**ABOUT THIS TASK**:
From the data below, copy exactly the lines that lie between the one holding "#2 boot (274,409,593,539)" and the one holding "#12 box (0,253,368,539)", including both, and nothing more.

===== SOURCE DATA =====

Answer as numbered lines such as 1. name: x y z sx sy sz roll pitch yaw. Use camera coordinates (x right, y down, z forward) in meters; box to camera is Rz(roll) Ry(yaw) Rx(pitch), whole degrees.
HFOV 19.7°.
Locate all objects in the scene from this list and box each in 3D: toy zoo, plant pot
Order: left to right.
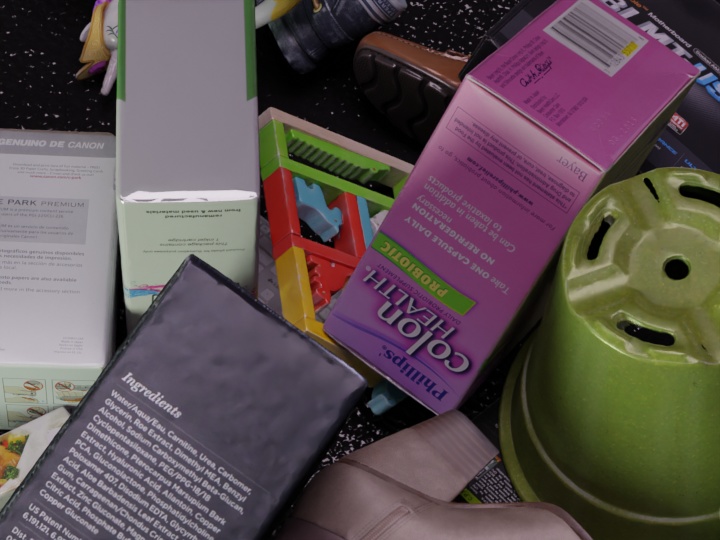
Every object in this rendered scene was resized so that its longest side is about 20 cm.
1. toy zoo: 0.000 0.000 1.300 0.131 0.020 0.201 20 46 -37
2. plant pot: 0.173 0.042 1.155 0.199 0.190 0.201 -3 58 4

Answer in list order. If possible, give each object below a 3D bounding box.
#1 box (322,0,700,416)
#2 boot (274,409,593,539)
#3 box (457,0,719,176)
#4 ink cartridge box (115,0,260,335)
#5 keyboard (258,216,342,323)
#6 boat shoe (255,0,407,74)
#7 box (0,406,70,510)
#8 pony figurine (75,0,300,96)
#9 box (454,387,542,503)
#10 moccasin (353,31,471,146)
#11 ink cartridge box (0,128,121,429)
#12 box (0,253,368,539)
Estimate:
1. box: 0.091 -0.043 1.234 0.097 0.200 0.176 35 35 9
2. boot: 0.052 0.178 1.155 0.146 0.070 0.200 -41 72 -17
3. box: 0.192 -0.121 1.375 0.200 0.050 0.198 41 47 5
4. ink cartridge box: -0.104 -0.050 1.255 0.084 0.200 0.145 -1 60 -4
5. keyboard: -0.087 -0.020 1.355 0.056 0.011 0.200 -38 67 -26
6. boat shoe: -0.034 -0.221 1.462 0.091 0.071 0.201 -33 37 13
7. box: -0.252 0.144 1.213 0.199 0.042 0.039 -26 61 -19
8. pony figurine: -0.123 -0.233 1.402 0.199 0.166 0.194 -20 69 23
9. box: 0.094 0.192 1.208 0.193 0.048 0.200 -39 68 -23
10. moccasin: 0.092 -0.117 1.398 0.200 0.074 0.078 17 54 6
11. ink cartridge box: -0.249 0.003 1.281 0.199 0.084 0.176 3 56 -3
12. box: -0.102 0.117 1.098 0.117 0.197 0.200 34 80 2
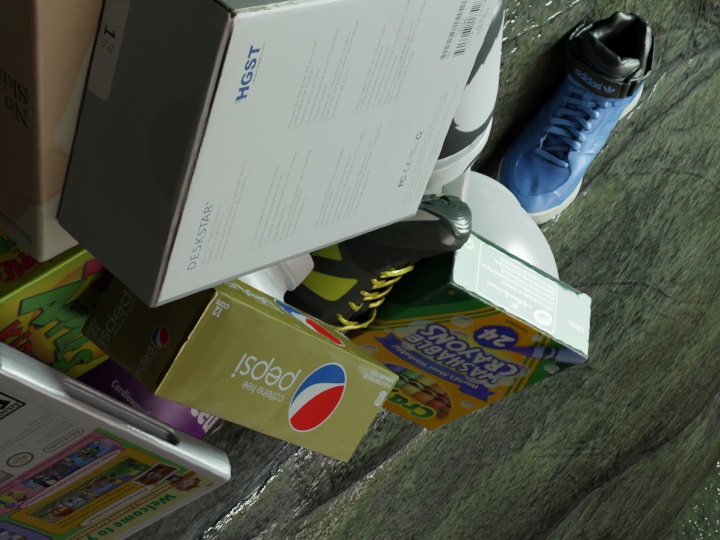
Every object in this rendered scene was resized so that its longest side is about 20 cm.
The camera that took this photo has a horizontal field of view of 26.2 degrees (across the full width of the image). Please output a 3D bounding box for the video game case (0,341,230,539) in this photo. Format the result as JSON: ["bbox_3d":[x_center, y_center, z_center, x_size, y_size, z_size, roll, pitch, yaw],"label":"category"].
[{"bbox_3d":[-0.201,0.120,0.841,0.199,0.022,0.182,-31,141,22],"label":"video game case"}]

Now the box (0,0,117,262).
[{"bbox_3d":[-0.149,-0.115,0.731,0.077,0.095,0.202,-32,146,-36],"label":"box"}]

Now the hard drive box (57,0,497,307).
[{"bbox_3d":[-0.035,-0.087,0.757,0.199,0.077,0.157,-20,139,-47],"label":"hard drive box"}]

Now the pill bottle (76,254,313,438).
[{"bbox_3d":[-0.121,0.045,0.953,0.200,0.112,0.113,-49,154,-12],"label":"pill bottle"}]

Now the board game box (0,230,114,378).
[{"bbox_3d":[-0.186,0.024,0.835,0.199,0.048,0.102,-32,149,-13],"label":"board game box"}]

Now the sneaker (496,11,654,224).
[{"bbox_3d":[0.180,-0.136,1.294,0.200,0.076,0.112,-47,160,-25],"label":"sneaker"}]

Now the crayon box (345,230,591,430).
[{"bbox_3d":[0.048,0.049,1.080,0.199,0.125,0.052,-30,-139,46],"label":"crayon box"}]

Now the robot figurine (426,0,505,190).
[{"bbox_3d":[0.031,-0.140,0.974,0.150,0.125,0.201,-35,149,-25],"label":"robot figurine"}]

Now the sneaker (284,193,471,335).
[{"bbox_3d":[0.000,0.000,1.013,0.074,0.199,0.086,-6,87,-43],"label":"sneaker"}]

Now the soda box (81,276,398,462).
[{"bbox_3d":[-0.062,0.048,0.869,0.064,0.067,0.199,-58,146,3],"label":"soda box"}]

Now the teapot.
[{"bbox_3d":[0.062,-0.012,1.167,0.197,0.199,0.148,34,51,-36],"label":"teapot"}]
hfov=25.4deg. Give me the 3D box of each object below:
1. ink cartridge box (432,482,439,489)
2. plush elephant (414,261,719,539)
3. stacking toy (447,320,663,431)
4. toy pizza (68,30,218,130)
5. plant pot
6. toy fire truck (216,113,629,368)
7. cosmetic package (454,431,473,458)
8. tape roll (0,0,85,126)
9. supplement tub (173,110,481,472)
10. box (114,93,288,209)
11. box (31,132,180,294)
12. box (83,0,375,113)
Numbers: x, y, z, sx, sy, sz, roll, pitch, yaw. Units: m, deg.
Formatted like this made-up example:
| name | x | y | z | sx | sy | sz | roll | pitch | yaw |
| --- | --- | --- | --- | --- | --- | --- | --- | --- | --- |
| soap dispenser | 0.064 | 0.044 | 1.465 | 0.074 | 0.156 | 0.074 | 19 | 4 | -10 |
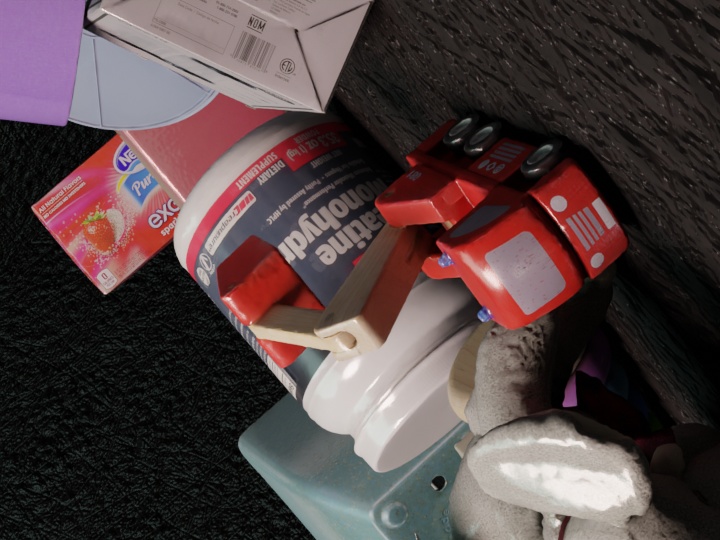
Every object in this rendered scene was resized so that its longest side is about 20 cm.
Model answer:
| name | x | y | z | sx | sy | sz | roll | pitch | yaw |
| --- | --- | --- | --- | --- | --- | --- | --- | --- | --- |
| ink cartridge box | 0.171 | 0.302 | 1.831 | 0.200 | 0.068 | 0.115 | 52 | 174 | -23 |
| plush elephant | 0.109 | 0.096 | 0.644 | 0.154 | 0.200 | 0.165 | 4 | 130 | 56 |
| stacking toy | 0.137 | 0.103 | 0.844 | 0.200 | 0.085 | 0.085 | 46 | 176 | -22 |
| toy pizza | -0.179 | -0.177 | 1.085 | 0.201 | 0.199 | 0.032 | 54 | -146 | -35 |
| plant pot | 0.050 | 0.169 | 1.290 | 0.197 | 0.196 | 0.200 | 51 | 173 | -18 |
| toy fire truck | 0.018 | -0.004 | 0.701 | 0.049 | 0.141 | 0.200 | 51 | 174 | -21 |
| cosmetic package | 0.161 | 0.176 | 1.103 | 0.200 | 0.073 | 0.104 | 43 | 172 | 50 |
| tape roll | -0.181 | -0.181 | 0.860 | 0.200 | 0.065 | 0.202 | -176 | 90 | -77 |
| supplement tub | -0.009 | 0.011 | 1.000 | 0.200 | 0.140 | 0.140 | 48 | 174 | 17 |
| box | -0.146 | -0.142 | 1.221 | 0.200 | 0.109 | 0.128 | 50 | 175 | -10 |
| box | -0.175 | -0.080 | 1.374 | 0.100 | 0.200 | 0.095 | 50 | 176 | -5 |
| box | -0.076 | -0.130 | 0.806 | 0.116 | 0.060 | 0.200 | 24 | 180 | -13 |
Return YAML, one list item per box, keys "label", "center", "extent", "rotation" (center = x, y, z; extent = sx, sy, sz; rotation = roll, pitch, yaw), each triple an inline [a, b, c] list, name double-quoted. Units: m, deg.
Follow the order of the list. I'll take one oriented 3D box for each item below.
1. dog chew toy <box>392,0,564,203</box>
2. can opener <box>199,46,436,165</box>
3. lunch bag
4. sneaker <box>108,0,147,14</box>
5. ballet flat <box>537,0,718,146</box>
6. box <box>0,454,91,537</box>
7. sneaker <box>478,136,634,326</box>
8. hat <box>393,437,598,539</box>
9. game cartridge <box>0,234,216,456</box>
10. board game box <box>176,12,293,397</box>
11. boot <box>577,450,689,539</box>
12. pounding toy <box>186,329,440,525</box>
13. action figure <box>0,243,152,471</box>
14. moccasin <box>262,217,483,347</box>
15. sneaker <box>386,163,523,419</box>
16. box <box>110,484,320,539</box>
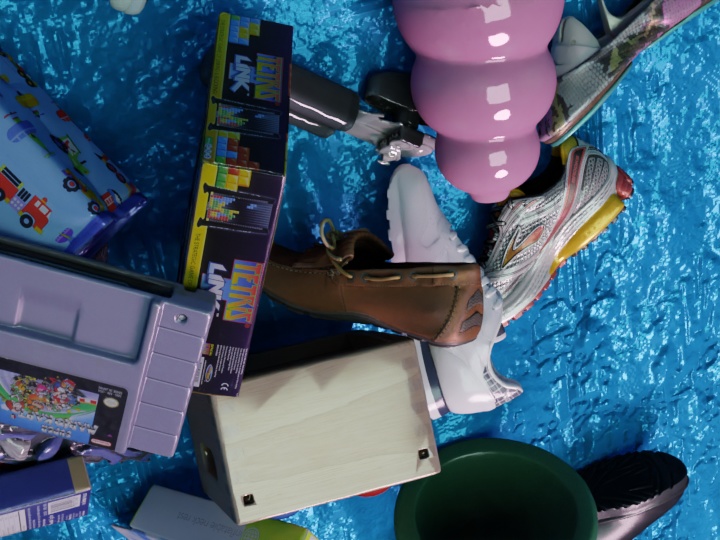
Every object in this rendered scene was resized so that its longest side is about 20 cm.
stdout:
- label: "dog chew toy"
  center: [0.089, -0.149, 1.031]
  extent: [0.124, 0.124, 0.202]
  rotation: [-11, 109, -17]
- label: "can opener"
  center: [-0.024, -0.130, 1.057]
  extent: [0.199, 0.053, 0.067]
  rotation: [16, 73, -30]
- label: "lunch bag"
  center: [-0.269, -0.026, 0.944]
  extent: [0.200, 0.094, 0.151]
  rotation: [-43, 92, 15]
- label: "sneaker"
  center: [-0.176, -0.263, 0.915]
  extent: [0.080, 0.075, 0.201]
  rotation: [-9, 117, -3]
- label: "ballet flat"
  center: [0.197, -0.186, 1.111]
  extent: [0.200, 0.069, 0.071]
  rotation: [-42, 105, -3]
- label: "box"
  center: [-0.302, 0.186, 1.057]
  extent: [0.199, 0.121, 0.033]
  rotation: [-14, 75, -17]
- label: "sneaker"
  center: [0.125, -0.027, 1.158]
  extent: [0.082, 0.078, 0.200]
  rotation: [42, 93, -15]
- label: "hat"
  center: [0.111, 0.264, 1.267]
  extent: [0.166, 0.199, 0.177]
  rotation: [-54, 150, -36]
- label: "game cartridge"
  center: [-0.202, 0.047, 0.910]
  extent: [0.199, 0.038, 0.130]
  rotation: [15, 118, -6]
- label: "board game box"
  center: [-0.088, -0.043, 0.962]
  extent: [0.056, 0.166, 0.201]
  rotation: [9, 132, -7]
- label: "boot"
  center: [0.226, 0.274, 1.336]
  extent: [0.199, 0.077, 0.169]
  rotation: [-23, 118, -3]
- label: "pounding toy"
  center: [-0.032, 0.130, 1.107]
  extent: [0.183, 0.200, 0.143]
  rotation: [-12, 93, -15]
- label: "action figure"
  center: [-0.220, 0.083, 1.069]
  extent: [0.193, 0.105, 0.200]
  rotation: [-45, 151, 11]
- label: "moccasin"
  center: [-0.001, 0.000, 1.049]
  extent: [0.073, 0.200, 0.078]
  rotation: [-10, 109, -49]
- label: "sneaker"
  center: [0.069, 0.012, 1.108]
  extent: [0.080, 0.076, 0.202]
  rotation: [-12, 95, 12]
- label: "box"
  center: [-0.091, 0.230, 1.130]
  extent: [0.122, 0.199, 0.048]
  rotation: [49, 60, -41]
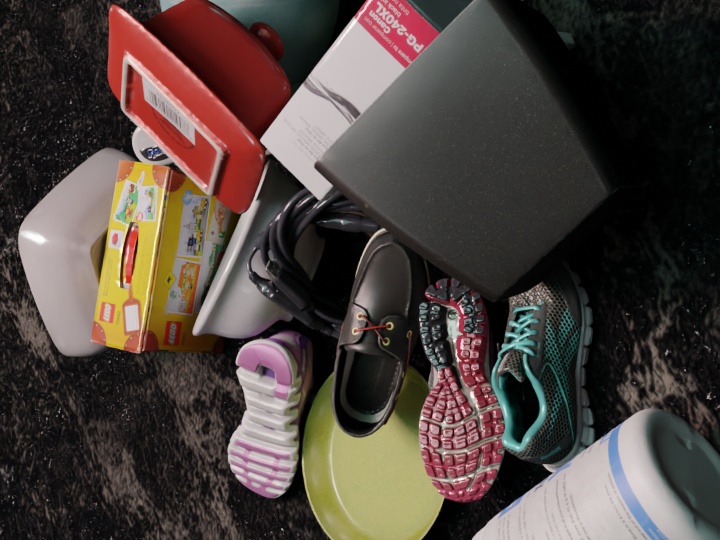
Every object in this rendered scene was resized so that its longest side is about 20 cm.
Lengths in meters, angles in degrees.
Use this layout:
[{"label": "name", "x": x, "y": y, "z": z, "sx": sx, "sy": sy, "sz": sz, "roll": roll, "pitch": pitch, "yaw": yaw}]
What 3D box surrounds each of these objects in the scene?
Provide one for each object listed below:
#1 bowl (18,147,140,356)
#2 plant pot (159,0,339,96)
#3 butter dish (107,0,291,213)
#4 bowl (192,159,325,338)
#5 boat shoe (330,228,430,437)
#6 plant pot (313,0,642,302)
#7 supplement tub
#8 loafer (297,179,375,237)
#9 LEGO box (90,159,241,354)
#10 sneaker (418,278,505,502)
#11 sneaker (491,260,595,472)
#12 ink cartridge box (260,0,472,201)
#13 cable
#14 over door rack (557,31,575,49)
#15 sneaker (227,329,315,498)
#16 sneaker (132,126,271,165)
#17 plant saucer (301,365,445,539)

=====

**RESULT OF THIS EXERCISE**:
#2 boot (274,409,593,539)
#3 box (457,0,719,176)
#4 ink cartridge box (115,0,260,335)
#5 keyboard (258,216,342,323)
#6 boat shoe (255,0,407,74)
#7 box (0,406,70,510)
#8 pony figurine (75,0,300,96)
#9 box (454,387,542,503)
#10 moccasin (353,31,471,146)
#11 ink cartridge box (0,128,121,429)
#12 box (0,253,368,539)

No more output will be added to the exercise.